Stored items
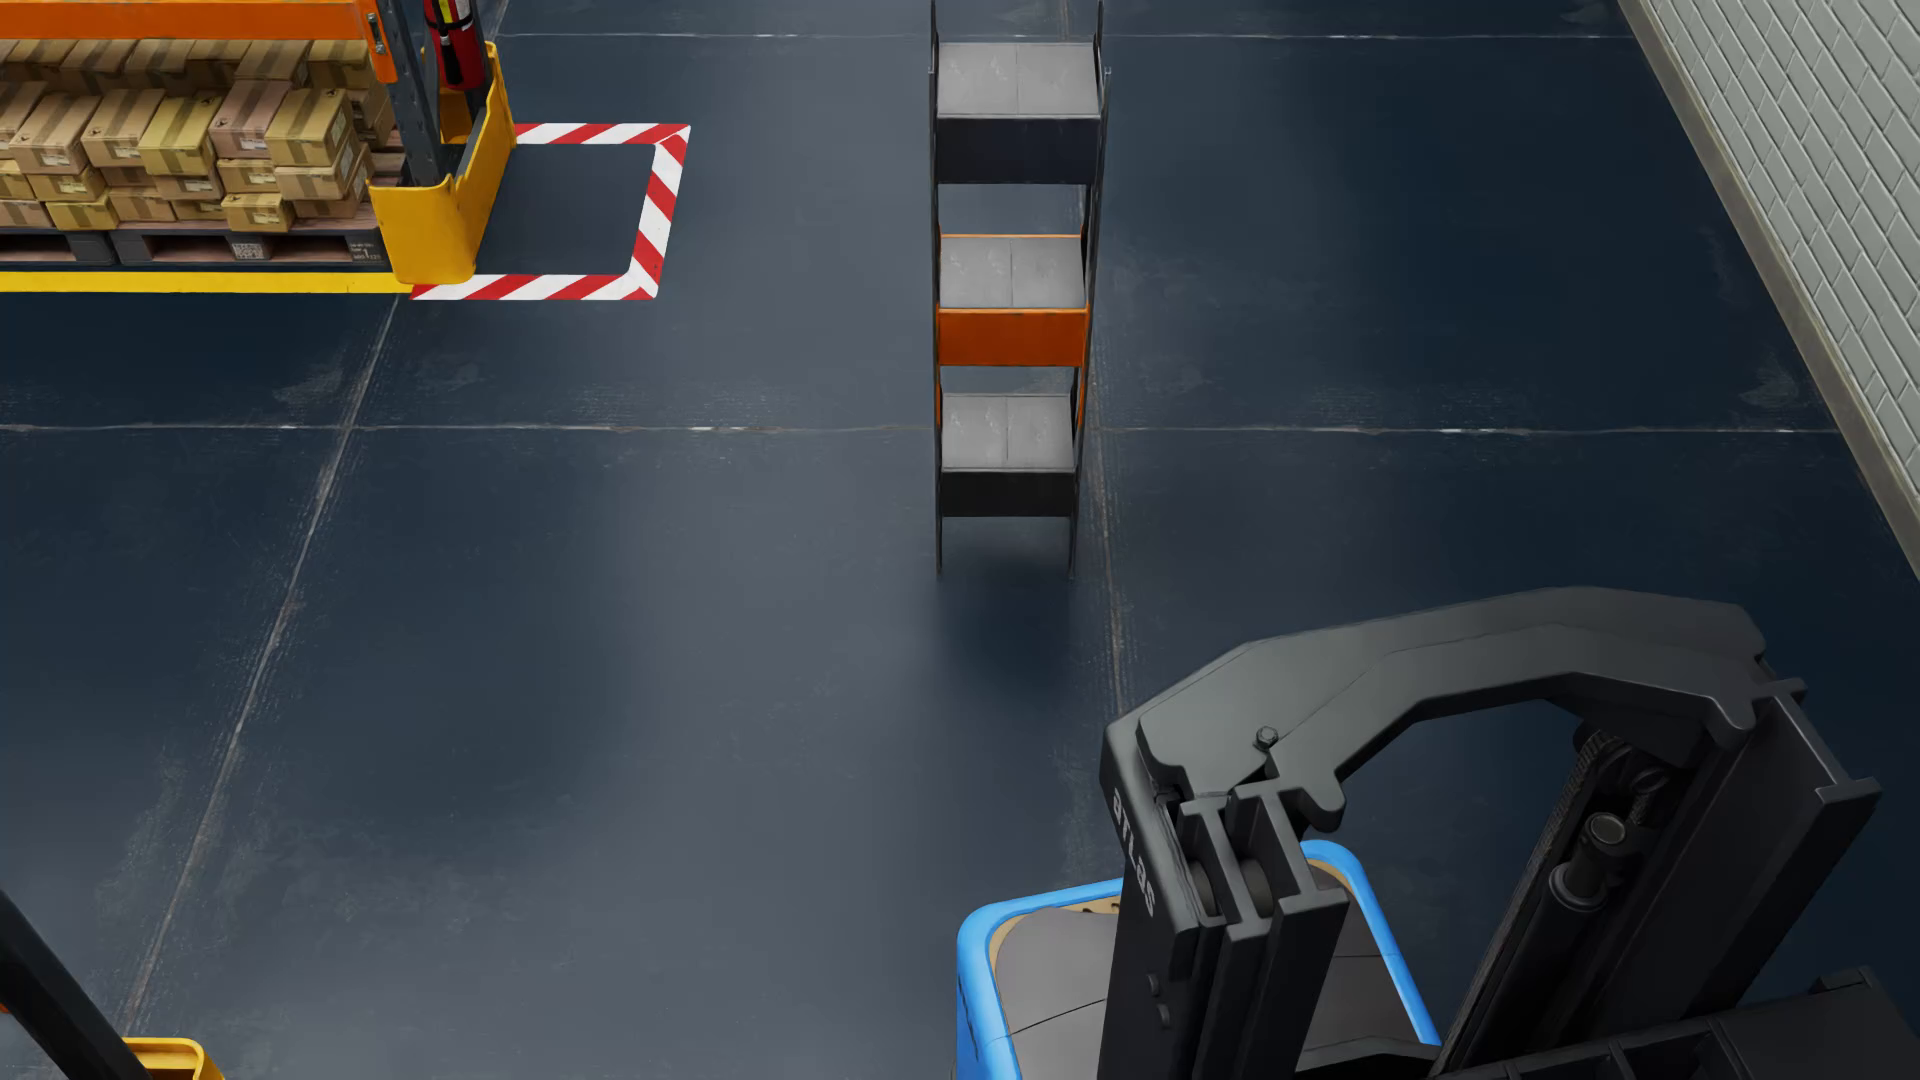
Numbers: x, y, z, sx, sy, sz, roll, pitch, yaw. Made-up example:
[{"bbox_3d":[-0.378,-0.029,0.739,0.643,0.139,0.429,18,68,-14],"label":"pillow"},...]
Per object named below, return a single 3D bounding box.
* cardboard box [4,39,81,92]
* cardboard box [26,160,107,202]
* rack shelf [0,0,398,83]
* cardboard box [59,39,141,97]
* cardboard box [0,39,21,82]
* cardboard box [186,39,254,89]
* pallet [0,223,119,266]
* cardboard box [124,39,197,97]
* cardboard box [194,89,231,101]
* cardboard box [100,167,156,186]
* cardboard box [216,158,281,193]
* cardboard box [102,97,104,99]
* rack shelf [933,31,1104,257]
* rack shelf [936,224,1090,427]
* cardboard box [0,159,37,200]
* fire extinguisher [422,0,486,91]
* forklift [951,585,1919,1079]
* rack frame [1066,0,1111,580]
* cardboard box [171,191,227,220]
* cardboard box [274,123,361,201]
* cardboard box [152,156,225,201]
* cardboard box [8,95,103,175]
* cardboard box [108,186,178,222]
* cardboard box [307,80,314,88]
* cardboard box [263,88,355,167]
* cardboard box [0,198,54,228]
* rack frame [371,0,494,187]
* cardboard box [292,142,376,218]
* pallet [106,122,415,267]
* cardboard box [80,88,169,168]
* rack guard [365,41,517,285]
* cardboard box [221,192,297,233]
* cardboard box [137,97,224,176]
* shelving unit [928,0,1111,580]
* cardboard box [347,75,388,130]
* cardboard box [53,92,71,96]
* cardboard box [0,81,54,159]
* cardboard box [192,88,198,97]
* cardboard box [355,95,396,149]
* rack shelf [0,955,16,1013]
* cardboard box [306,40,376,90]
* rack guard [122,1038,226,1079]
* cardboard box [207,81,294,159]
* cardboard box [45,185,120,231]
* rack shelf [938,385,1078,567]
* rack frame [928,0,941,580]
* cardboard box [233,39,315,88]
[{"bbox_3d":[-4.081,-2.186,7.489,0.250,0.149,0.380,1,47,1],"label":"cardboard box"},{"bbox_3d":[-3.808,-1.630,7.175,0.250,0.149,0.380,1,47,1],"label":"cardboard box"},{"bbox_3d":[-4.242,-2.332,6.863,4.000,0.370,1.077,0,47,0],"label":"rack shelf"},{"bbox_3d":[-3.818,-2.151,7.458,0.250,0.149,0.380,2,47,2],"label":"cardboard box"},{"bbox_3d":[-4.332,-2.116,7.425,0.250,0.149,0.380,0,47,0],"label":"cardboard box"},{"bbox_3d":[-3.292,-2.204,7.506,0.250,0.149,0.380,0,47,0],"label":"cardboard box"},{"bbox_3d":[-4.347,-1.656,7.647,1.213,0.211,1.003,0,47,0],"label":"pallet"},{"bbox_3d":[-3.540,-2.144,7.450,0.250,0.149,0.380,-2,47,-2],"label":"cardboard box"},{"bbox_3d":[-3.284,-2.012,7.531,0.250,0.149,0.380,1,47,1],"label":"cardboard box"},{"bbox_3d":[-3.559,-1.714,7.253,0.250,0.149,0.380,0,47,0],"label":"cardboard box"},{"bbox_3d":[-3.032,-1.678,7.220,0.250,0.149,0.380,-1,47,-1],"label":"cardboard box"},{"bbox_3d":[-3.805,-2.024,7.542,0.250,0.149,0.380,-2,47,-2],"label":"cardboard box"},{"bbox_3d":[0.166,-1.183,4.979,0.480,0.518,0.431,0,47,0],"label":"rack shelf"},{"bbox_3d":[0.166,-0.706,5.491,0.480,0.518,0.431,0,47,0],"label":"rack shelf"},{"bbox_3d":[-4.065,-1.644,7.188,0.250,0.149,0.380,2,47,2],"label":"cardboard box"},{"bbox_3d":[-1.992,-2.080,6.444,0.183,0.674,0.296,0,47,0],"label":"fire extinguisher"},{"bbox_3d":[0.801,1.593,2.765,1.130,2.935,3.031,-9,48,-9],"label":"forklift"},{"bbox_3d":[0.410,-0.714,5.480,0.015,2.100,0.400,0,47,0],"label":"rack frame"},{"bbox_3d":[-3.290,-1.583,7.335,0.250,0.149,0.380,0,47,0],"label":"cardboard box"},{"bbox_3d":[-2.771,-1.637,7.182,0.250,0.149,0.380,-1,47,-1],"label":"cardboard box"},{"bbox_3d":[-3.290,-1.638,7.183,0.250,0.149,0.380,-2,47,-1],"label":"cardboard box"},{"bbox_3d":[-3.810,-1.720,7.056,0.250,0.149,0.380,2,47,2],"label":"cardboard box"},{"bbox_3d":[-3.537,-1.574,7.326,0.250,0.149,0.380,1,47,1],"label":"cardboard box"},{"bbox_3d":[-3.038,-2.076,7.591,0.250,0.149,0.380,0,47,0],"label":"cardboard box"},{"bbox_3d":[-2.772,-1.762,7.095,0.250,0.149,0.380,1,47,1],"label":"cardboard box"},{"bbox_3d":[-4.066,-1.544,7.299,0.250,0.149,0.380,1,47,1],"label":"cardboard box"},{"bbox_3d":[-2.242,-2.572,6.595,0.127,3.000,1.000,0,47,0],"label":"rack frame"},{"bbox_3d":[-2.769,-1.592,7.344,0.250,0.149,0.380,1,47,1],"label":"cardboard box"},{"bbox_3d":[-3.130,-1.650,7.642,1.213,0.211,1.003,0,47,0],"label":"pallet"},{"bbox_3d":[-3.541,-1.760,7.093,0.250,0.149,0.380,-2,47,-1],"label":"cardboard box"},{"bbox_3d":[-2.318,-1.720,7.510,0.348,0.500,1.175,0,47,0],"label":"rack guard"},{"bbox_3d":[-3.027,-1.519,7.275,0.250,0.149,0.380,1,47,1],"label":"cardboard box"},{"bbox_3d":[-3.283,-1.713,7.049,0.250,0.149,0.380,-1,47,-1],"label":"cardboard box"},{"bbox_3d":[0.166,-0.715,5.481,0.503,2.100,0.431,0,47,0],"label":"shelving unit"},{"bbox_3d":[-2.765,-2.034,7.552,0.250,0.149,0.380,2,47,2],"label":"cardboard box"},{"bbox_3d":[-4.077,-1.994,7.514,0.250,0.149,0.380,2,47,2],"label":"cardboard box"},{"bbox_3d":[-4.073,-1.802,7.132,0.250,0.149,0.380,-1,47,-1],"label":"cardboard box"},{"bbox_3d":[-3.540,-2.092,7.606,0.250,0.149,0.380,1,47,1],"label":"cardboard box"},{"bbox_3d":[-2.765,-1.979,7.704,0.250,0.149,0.380,1,47,1],"label":"cardboard box"},{"bbox_3d":[-4.159,1.291,3.490,4.000,0.370,1.077,0,47,0],"label":"rack shelf"},{"bbox_3d":[-2.765,-2.196,7.499,0.250,0.149,0.380,-2,47,-2],"label":"cardboard box"},{"bbox_3d":[-2.135,1.903,4.137,0.348,0.500,1.175,0,47,0],"label":"rack guard"},{"bbox_3d":[-3.023,-1.805,7.135,0.250,0.149,0.380,1,47,1],"label":"cardboard box"},{"bbox_3d":[-3.793,-1.529,7.284,0.250,0.149,0.380,-2,47,-2],"label":"cardboard box"},{"bbox_3d":[0.166,-0.229,6.003,0.480,0.518,0.431,0,47,0],"label":"rack shelf"},{"bbox_3d":[-0.078,-0.716,5.482,0.015,2.100,0.400,0,47,0],"label":"rack frame"},{"bbox_3d":[-3.041,-2.109,7.418,0.250,0.149,0.380,1,47,1],"label":"cardboard box"}]

WORK INSTRUCTIONS:
Write the records out again exactly as shown above, keeping no pictures.

RESULT OF THIS TASK:
Numbers: x, y, z, sx, sy, sz, roll, pitch, yaw. Made-up example:
[{"bbox_3d":[-0.378,-0.029,0.739,0.643,0.139,0.429,18,68,-14],"label":"pillow"},...]
Per object named below, return a single 3D bounding box.
* cardboard box [4,39,81,92]
* cardboard box [26,160,107,202]
* rack shelf [0,0,398,83]
* cardboard box [59,39,141,97]
* cardboard box [0,39,21,82]
* cardboard box [186,39,254,89]
* pallet [0,223,119,266]
* cardboard box [124,39,197,97]
* cardboard box [194,89,231,101]
* cardboard box [100,167,156,186]
* cardboard box [216,158,281,193]
* cardboard box [102,97,104,99]
* rack shelf [933,31,1104,257]
* rack shelf [936,224,1090,427]
* cardboard box [0,159,37,200]
* fire extinguisher [422,0,486,91]
* forklift [951,585,1919,1079]
* rack frame [1066,0,1111,580]
* cardboard box [171,191,227,220]
* cardboard box [274,123,361,201]
* cardboard box [152,156,225,201]
* cardboard box [8,95,103,175]
* cardboard box [108,186,178,222]
* cardboard box [307,80,314,88]
* cardboard box [263,88,355,167]
* cardboard box [0,198,54,228]
* rack frame [371,0,494,187]
* cardboard box [292,142,376,218]
* pallet [106,122,415,267]
* cardboard box [80,88,169,168]
* rack guard [365,41,517,285]
* cardboard box [221,192,297,233]
* cardboard box [137,97,224,176]
* shelving unit [928,0,1111,580]
* cardboard box [347,75,388,130]
* cardboard box [53,92,71,96]
* cardboard box [0,81,54,159]
* cardboard box [192,88,198,97]
* cardboard box [355,95,396,149]
* rack shelf [0,955,16,1013]
* cardboard box [306,40,376,90]
* rack guard [122,1038,226,1079]
* cardboard box [207,81,294,159]
* cardboard box [45,185,120,231]
* rack shelf [938,385,1078,567]
* rack frame [928,0,941,580]
* cardboard box [233,39,315,88]
[{"bbox_3d":[-4.081,-2.186,7.489,0.250,0.149,0.380,1,47,1],"label":"cardboard box"},{"bbox_3d":[-3.808,-1.630,7.175,0.250,0.149,0.380,1,47,1],"label":"cardboard box"},{"bbox_3d":[-4.242,-2.332,6.863,4.000,0.370,1.077,0,47,0],"label":"rack shelf"},{"bbox_3d":[-3.818,-2.151,7.458,0.250,0.149,0.380,2,47,2],"label":"cardboard box"},{"bbox_3d":[-4.332,-2.116,7.425,0.250,0.149,0.380,0,47,0],"label":"cardboard box"},{"bbox_3d":[-3.292,-2.204,7.506,0.250,0.149,0.380,0,47,0],"label":"cardboard box"},{"bbox_3d":[-4.347,-1.656,7.647,1.213,0.211,1.003,0,47,0],"label":"pallet"},{"bbox_3d":[-3.540,-2.144,7.450,0.250,0.149,0.380,-2,47,-2],"label":"cardboard box"},{"bbox_3d":[-3.284,-2.012,7.531,0.250,0.149,0.380,1,47,1],"label":"cardboard box"},{"bbox_3d":[-3.559,-1.714,7.253,0.250,0.149,0.380,0,47,0],"label":"cardboard box"},{"bbox_3d":[-3.032,-1.678,7.220,0.250,0.149,0.380,-1,47,-1],"label":"cardboard box"},{"bbox_3d":[-3.805,-2.024,7.542,0.250,0.149,0.380,-2,47,-2],"label":"cardboard box"},{"bbox_3d":[0.166,-1.183,4.979,0.480,0.518,0.431,0,47,0],"label":"rack shelf"},{"bbox_3d":[0.166,-0.706,5.491,0.480,0.518,0.431,0,47,0],"label":"rack shelf"},{"bbox_3d":[-4.065,-1.644,7.188,0.250,0.149,0.380,2,47,2],"label":"cardboard box"},{"bbox_3d":[-1.992,-2.080,6.444,0.183,0.674,0.296,0,47,0],"label":"fire extinguisher"},{"bbox_3d":[0.801,1.593,2.765,1.130,2.935,3.031,-9,48,-9],"label":"forklift"},{"bbox_3d":[0.410,-0.714,5.480,0.015,2.100,0.400,0,47,0],"label":"rack frame"},{"bbox_3d":[-3.290,-1.583,7.335,0.250,0.149,0.380,0,47,0],"label":"cardboard box"},{"bbox_3d":[-2.771,-1.637,7.182,0.250,0.149,0.380,-1,47,-1],"label":"cardboard box"},{"bbox_3d":[-3.290,-1.638,7.183,0.250,0.149,0.380,-2,47,-1],"label":"cardboard box"},{"bbox_3d":[-3.810,-1.720,7.056,0.250,0.149,0.380,2,47,2],"label":"cardboard box"},{"bbox_3d":[-3.537,-1.574,7.326,0.250,0.149,0.380,1,47,1],"label":"cardboard box"},{"bbox_3d":[-3.038,-2.076,7.591,0.250,0.149,0.380,0,47,0],"label":"cardboard box"},{"bbox_3d":[-2.772,-1.762,7.095,0.250,0.149,0.380,1,47,1],"label":"cardboard box"},{"bbox_3d":[-4.066,-1.544,7.299,0.250,0.149,0.380,1,47,1],"label":"cardboard box"},{"bbox_3d":[-2.242,-2.572,6.595,0.127,3.000,1.000,0,47,0],"label":"rack frame"},{"bbox_3d":[-2.769,-1.592,7.344,0.250,0.149,0.380,1,47,1],"label":"cardboard box"},{"bbox_3d":[-3.130,-1.650,7.642,1.213,0.211,1.003,0,47,0],"label":"pallet"},{"bbox_3d":[-3.541,-1.760,7.093,0.250,0.149,0.380,-2,47,-1],"label":"cardboard box"},{"bbox_3d":[-2.318,-1.720,7.510,0.348,0.500,1.175,0,47,0],"label":"rack guard"},{"bbox_3d":[-3.027,-1.519,7.275,0.250,0.149,0.380,1,47,1],"label":"cardboard box"},{"bbox_3d":[-3.283,-1.713,7.049,0.250,0.149,0.380,-1,47,-1],"label":"cardboard box"},{"bbox_3d":[0.166,-0.715,5.481,0.503,2.100,0.431,0,47,0],"label":"shelving unit"},{"bbox_3d":[-2.765,-2.034,7.552,0.250,0.149,0.380,2,47,2],"label":"cardboard box"},{"bbox_3d":[-4.077,-1.994,7.514,0.250,0.149,0.380,2,47,2],"label":"cardboard box"},{"bbox_3d":[-4.073,-1.802,7.132,0.250,0.149,0.380,-1,47,-1],"label":"cardboard box"},{"bbox_3d":[-3.540,-2.092,7.606,0.250,0.149,0.380,1,47,1],"label":"cardboard box"},{"bbox_3d":[-2.765,-1.979,7.704,0.250,0.149,0.380,1,47,1],"label":"cardboard box"},{"bbox_3d":[-4.159,1.291,3.490,4.000,0.370,1.077,0,47,0],"label":"rack shelf"},{"bbox_3d":[-2.765,-2.196,7.499,0.250,0.149,0.380,-2,47,-2],"label":"cardboard box"},{"bbox_3d":[-2.135,1.903,4.137,0.348,0.500,1.175,0,47,0],"label":"rack guard"},{"bbox_3d":[-3.023,-1.805,7.135,0.250,0.149,0.380,1,47,1],"label":"cardboard box"},{"bbox_3d":[-3.793,-1.529,7.284,0.250,0.149,0.380,-2,47,-2],"label":"cardboard box"},{"bbox_3d":[0.166,-0.229,6.003,0.480,0.518,0.431,0,47,0],"label":"rack shelf"},{"bbox_3d":[-0.078,-0.716,5.482,0.015,2.100,0.400,0,47,0],"label":"rack frame"},{"bbox_3d":[-3.041,-2.109,7.418,0.250,0.149,0.380,1,47,1],"label":"cardboard box"}]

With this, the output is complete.